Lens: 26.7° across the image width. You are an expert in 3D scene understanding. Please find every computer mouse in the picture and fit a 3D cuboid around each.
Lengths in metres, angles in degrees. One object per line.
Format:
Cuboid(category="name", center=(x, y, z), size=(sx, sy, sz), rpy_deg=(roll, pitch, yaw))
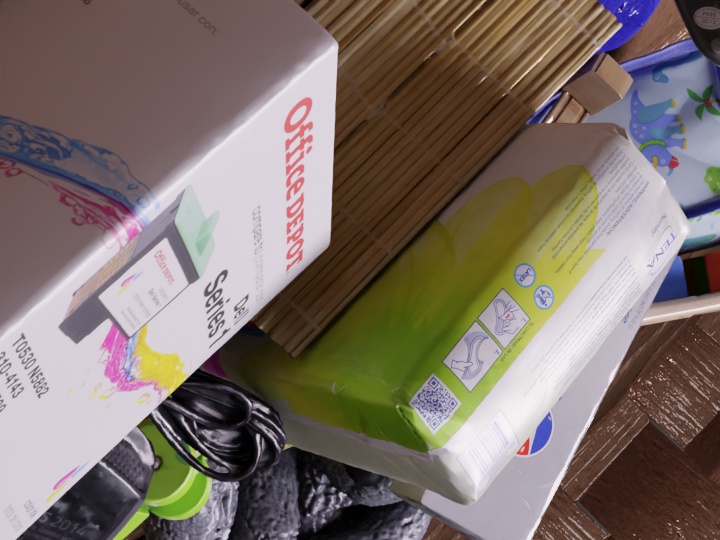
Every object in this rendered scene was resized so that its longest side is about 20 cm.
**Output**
Cuboid(category="computer mouse", center=(-0.138, 0.094, 0.622), size=(0.200, 0.053, 0.138), rpy_deg=(-47, 128, 11))

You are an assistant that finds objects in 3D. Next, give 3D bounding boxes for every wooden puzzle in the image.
Cuboid(category="wooden puzzle", center=(0.192, 0.014, 0.974), size=(0.198, 0.047, 0.185), rpy_deg=(-14, 179, -22))

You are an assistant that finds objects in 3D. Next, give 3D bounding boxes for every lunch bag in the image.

--------------------------------------------------

Reproduce the whole of the data, word for word, and omit its pictures.

__Answer for this exercise__
Lens: 26.7° across the image width. You are an expert in 3D scene understanding. Please find every computer mouse in the picture and fit a 3D cuboid around each.
Lengths in metres, angles in degrees. One object per line.
Format:
Cuboid(category="name", center=(x, y, z), size=(sx, sy, sz), rpy_deg=(roll, pitch, yaw))
Every object in this rendered scene was resized so that its longest side is about 20 cm.
**Output**
Cuboid(category="computer mouse", center=(-0.138, 0.094, 0.622), size=(0.200, 0.053, 0.138), rpy_deg=(-47, 128, 11))

You are an assistant that finds objects in 3D. Next, give 3D bounding boxes for every wooden puzzle in the image.
Cuboid(category="wooden puzzle", center=(0.192, 0.014, 0.974), size=(0.198, 0.047, 0.185), rpy_deg=(-14, 179, -22))

You are an assistant that finds objects in 3D. Next, give 3D bounding boxes for every lunch bag in the image.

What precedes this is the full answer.